The “solutions” enforced by Merkel and her fellow “experts” have caused greater unemployment than the US experienced at the worst of The Great Depression, decimated Greece’s banking system [ed: This is the first time I ever felt sorry for banks.] and exacerbated the foreign debt crisis itself. The Merkel and her band of poseurs, laughingly called finance ministers need to be replaced with people not looking through the prism of a set of inane ideological decrees.
Europeans want economic union. We have it in the US. Is it perfect? No. Is everyone equal? No. We have a bunch of parasitic red states taking in far more from the Federal government than they pay out. A previous article shines some light on the subject. All states are not equal. The Eurozone could go that route if they could get past the hubris of Merkel and her fellow “fiscal conservatives.”

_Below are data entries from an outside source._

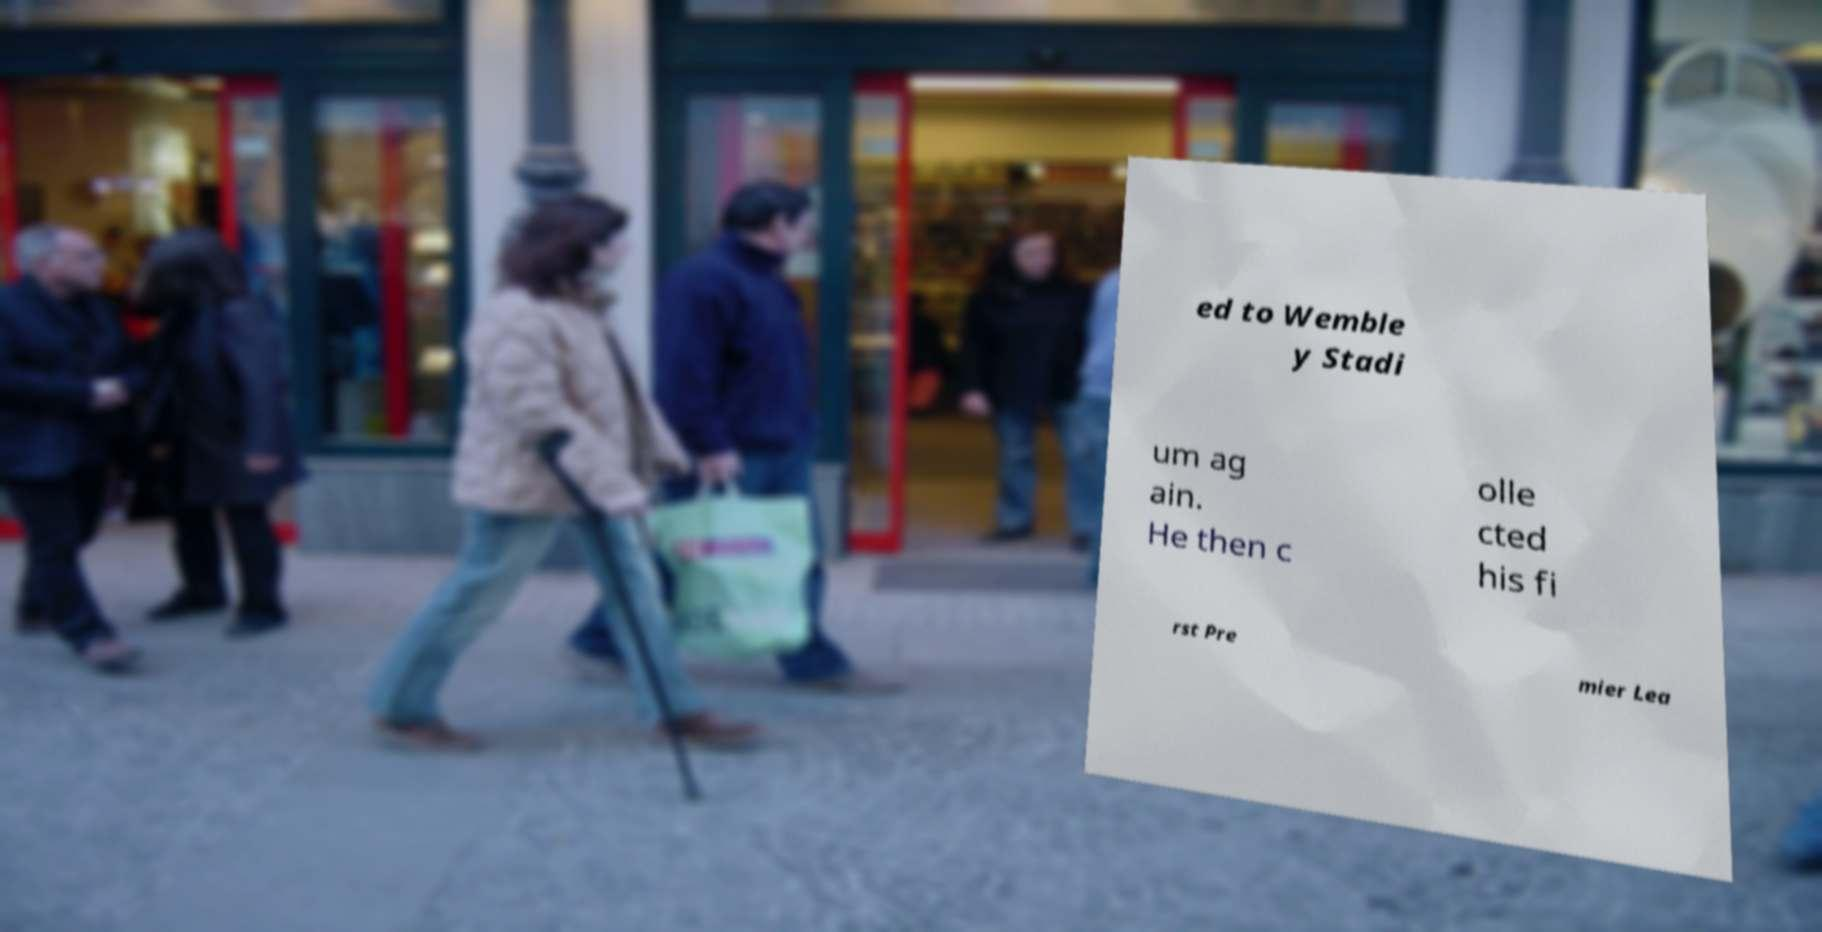Please read and relay the text visible in this image. What does it say? ed to Wemble y Stadi um ag ain. He then c olle cted his fi rst Pre mier Lea 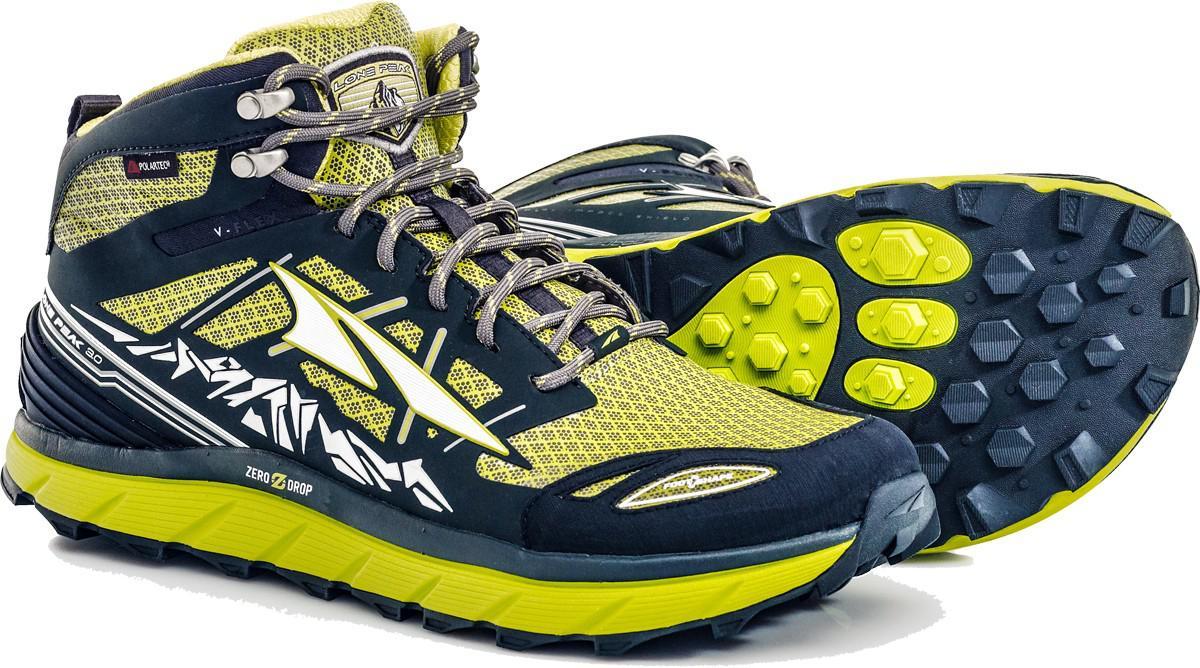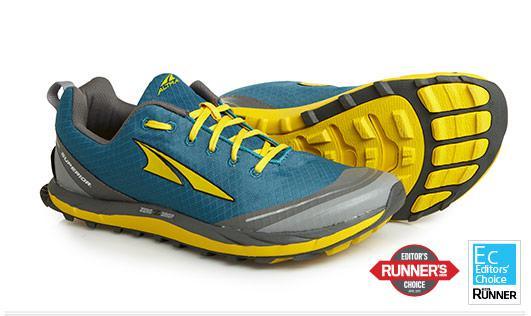The first image is the image on the left, the second image is the image on the right. For the images displayed, is the sentence "Two pairs of shoes, each laced with coordinating laces, are shown with one shoe sideways and the other shoe laying behind it with a colorful sole showing." factually correct? Answer yes or no. Yes. The first image is the image on the left, the second image is the image on the right. Assess this claim about the two images: "Each image contains only one pair of shoes, and each pair is displayed with one shoe in front of a shoe turned on its side.". Correct or not? Answer yes or no. Yes. 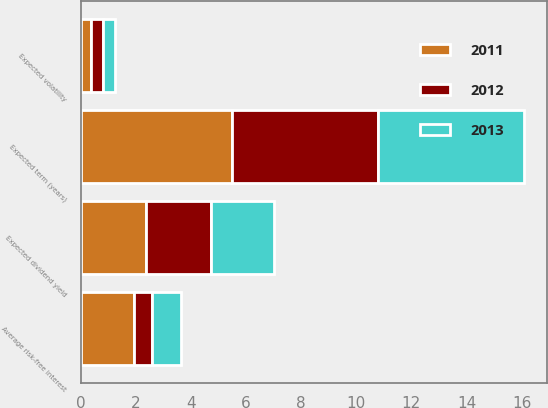Convert chart to OTSL. <chart><loc_0><loc_0><loc_500><loc_500><stacked_bar_chart><ecel><fcel>Average risk-free interest<fcel>Expected dividend yield<fcel>Expected volatility<fcel>Expected term (years)<nl><fcel>2012<fcel>0.66<fcel>2.35<fcel>0.43<fcel>5.3<nl><fcel>2013<fcel>1.06<fcel>2.29<fcel>0.43<fcel>5.3<nl><fcel>2011<fcel>1.94<fcel>2.37<fcel>0.39<fcel>5.5<nl></chart> 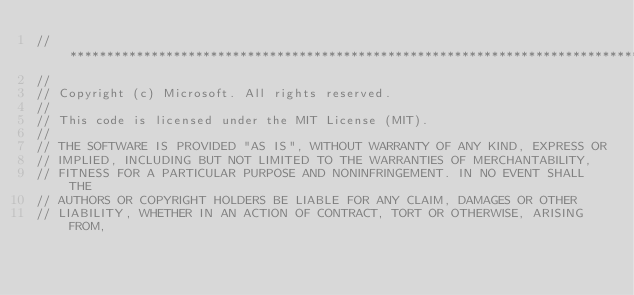<code> <loc_0><loc_0><loc_500><loc_500><_ObjectiveC_>//******************************************************************************
//
// Copyright (c) Microsoft. All rights reserved.
//
// This code is licensed under the MIT License (MIT).
//
// THE SOFTWARE IS PROVIDED "AS IS", WITHOUT WARRANTY OF ANY KIND, EXPRESS OR
// IMPLIED, INCLUDING BUT NOT LIMITED TO THE WARRANTIES OF MERCHANTABILITY,
// FITNESS FOR A PARTICULAR PURPOSE AND NONINFRINGEMENT. IN NO EVENT SHALL THE
// AUTHORS OR COPYRIGHT HOLDERS BE LIABLE FOR ANY CLAIM, DAMAGES OR OTHER
// LIABILITY, WHETHER IN AN ACTION OF CONTRACT, TORT OR OTHERWISE, ARISING FROM,</code> 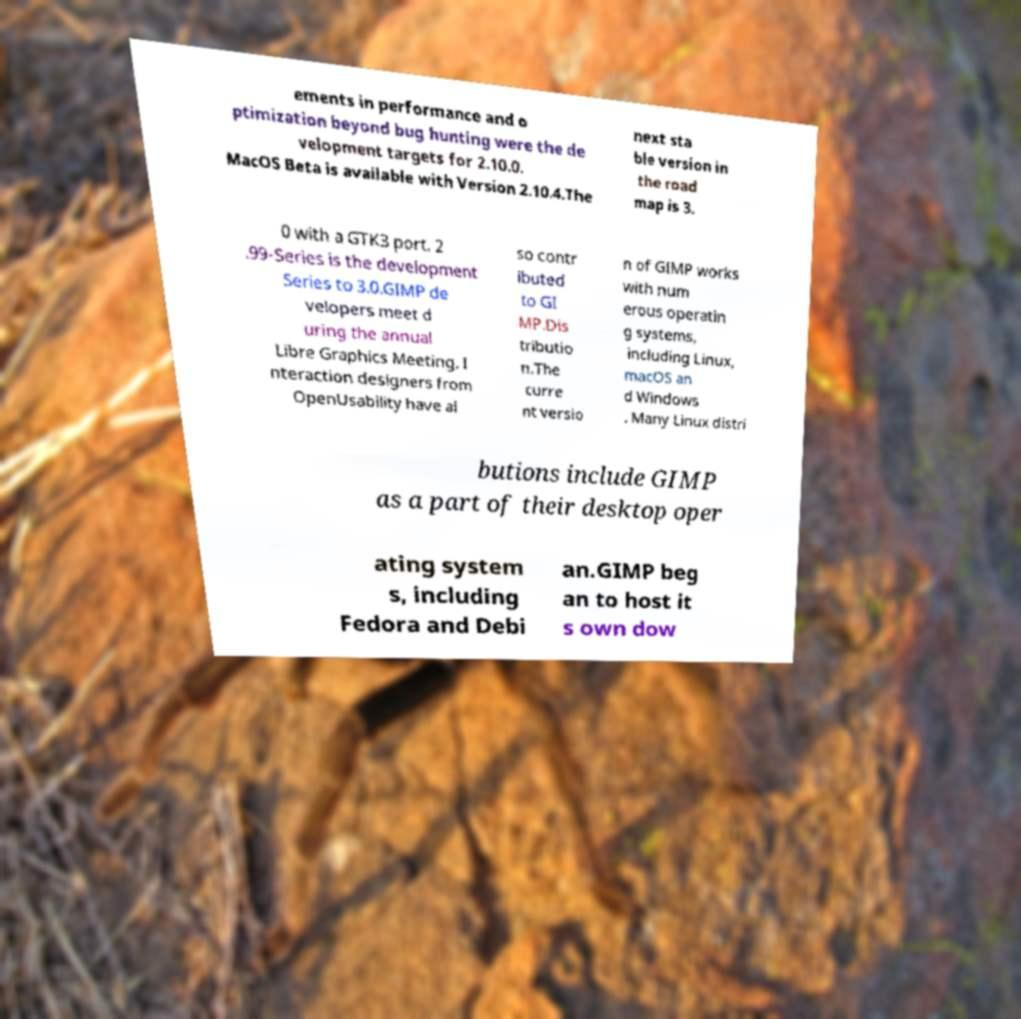Could you extract and type out the text from this image? ements in performance and o ptimization beyond bug hunting were the de velopment targets for 2.10.0. MacOS Beta is available with Version 2.10.4.The next sta ble version in the road map is 3. 0 with a GTK3 port. 2 .99-Series is the development Series to 3.0.GIMP de velopers meet d uring the annual Libre Graphics Meeting. I nteraction designers from OpenUsability have al so contr ibuted to GI MP.Dis tributio n.The curre nt versio n of GIMP works with num erous operatin g systems, including Linux, macOS an d Windows . Many Linux distri butions include GIMP as a part of their desktop oper ating system s, including Fedora and Debi an.GIMP beg an to host it s own dow 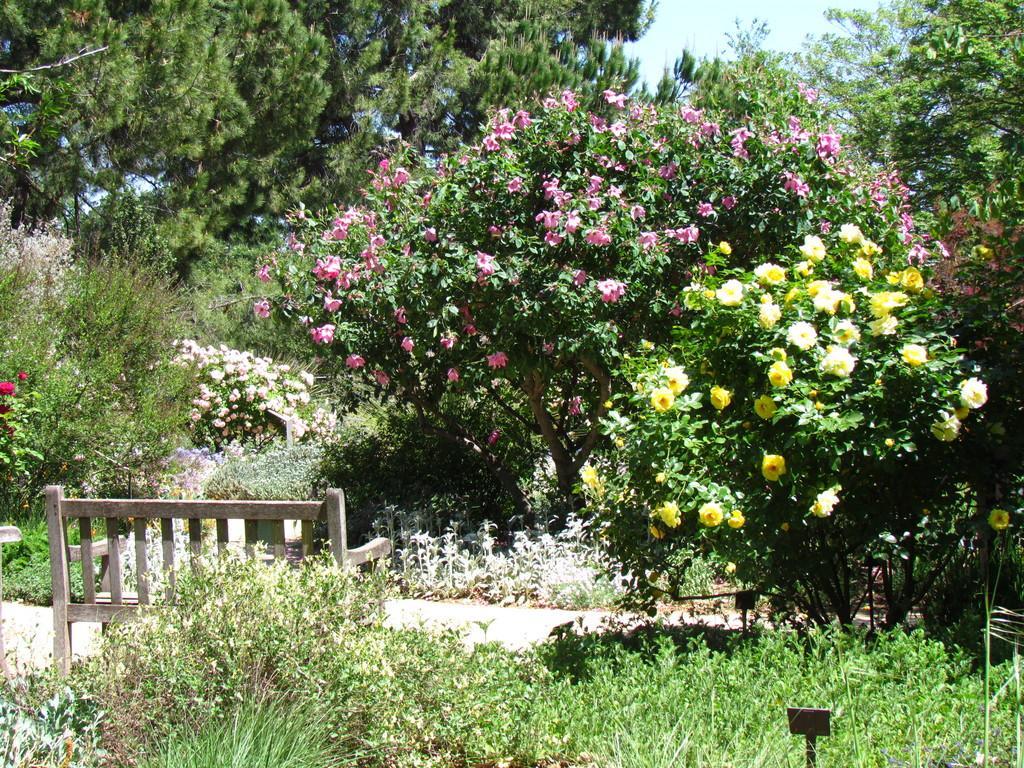Can you describe this image briefly? In this image we can see few plants, trees, a bench, few trees with flowers, and the sky in the background.

One other possible solution is available. We say it is important to the US that Greece find some way out of this pickle. The Greek debt is less than our leaders were willing to invest in Iraq and Afghanistan. The US could just fork over the funds. Perhaps it’s time for another Truman Doctrine. The results might possibly be more pleasant than the Bush wars.
While the demographics in Greece and the rest of Europe have shifted significantly to the left, so it has in the US. We’re lagging a bit, but it is partially hidden here due to gerrymandering and the Supreme Court. The endgame is in sight, but it’s too early to celebrate just yet.